Bell tower and carillon in Naperville, Illinois, US

Moser Tower (often referred to as the Naperville Bell Tower) is a structure built in Naperville, Illinois, United States. It was built in 1999 to commemorate the third millennium and 21st century. It is 160 ft tall and contains the Millennium Carillon, a carillon of 72 bells. The carillon structure is said to be one of the four largest in the United States.

==History==
A former fundraiser called the Millennium Carillon began fundraising and later started construction in 1997. The entire project cost about $7.1 million, which was triple the amount that was collected and proposed. Construction was finished in 1999. However to open in year 2000, they decided not to surround the bottom in glass and not to install an elevator.

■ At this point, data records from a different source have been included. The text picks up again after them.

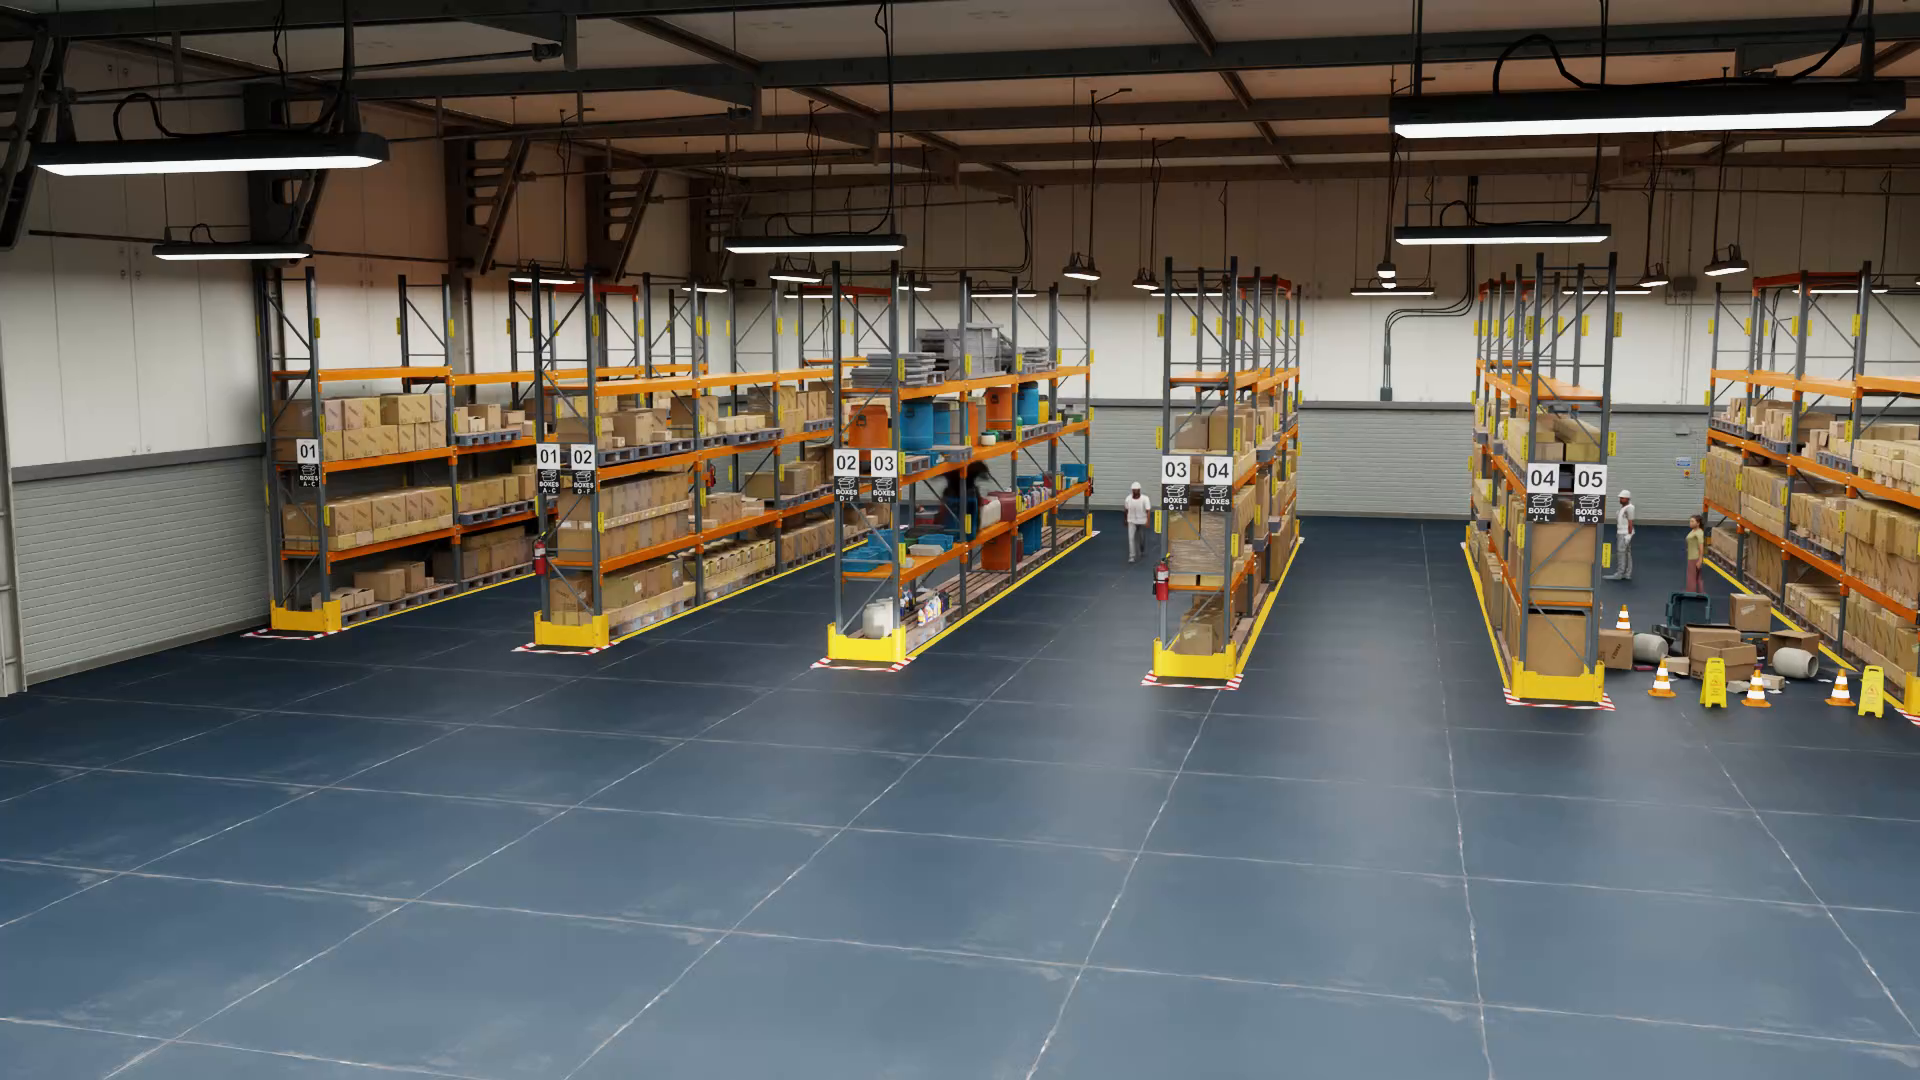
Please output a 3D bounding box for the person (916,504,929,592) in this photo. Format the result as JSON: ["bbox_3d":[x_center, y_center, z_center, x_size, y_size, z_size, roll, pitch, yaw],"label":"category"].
[{"bbox_3d":[-0.767,0.149,31.689,0.365,1.673,0.518,1,7,6],"label":"person"}]

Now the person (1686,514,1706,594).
[{"bbox_3d":[13.303,0.365,30.116,0.452,1.671,0.459,5,9,35],"label":"person"}]

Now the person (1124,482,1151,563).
[{"bbox_3d":[3.816,-0.388,35.857,0.600,1.722,1.080,1,7,11],"label":"person"}]

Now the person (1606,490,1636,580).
[{"bbox_3d":[13.301,-0.108,33.383,0.492,1.787,0.608,4,8,27],"label":"person"}]

In 2007, the city of Naperville took over maintenance of the structure and also added unfinished parts, including installing an elevator. The fundraiser became defunct, however the debts and costs to complete the structure were estimated at $5 million.

In June 2017, possible structural issues were found. It was found that the structure may become unsafe in the future.

Repairs to the structure began in spring of 2021, they are expected to be completed by fall of 2021.

==Structural issues==
Structural issues were found in June 2017. Cracks in the concrete were found, and the steel support began corroding. It was at first proposed to last at least 100 years, however it was not expected that the concrete could not hold up well and that the steel support would corrode. After conducting tests and inspection at the cost of $50,000, an estimated $3 million is required to repair the structure, or $660 thousand to demolish it.

In April 2018, it remained unknown whether the structure will be demolished or repaired. Costs for repair are high; however many argue that costs to build the structure were higher, and the structure is considered iconic for the city of Naperville. In February 2020, it was decided through a unanimous decision to repair and continue maintaining the tower for $1.5 million.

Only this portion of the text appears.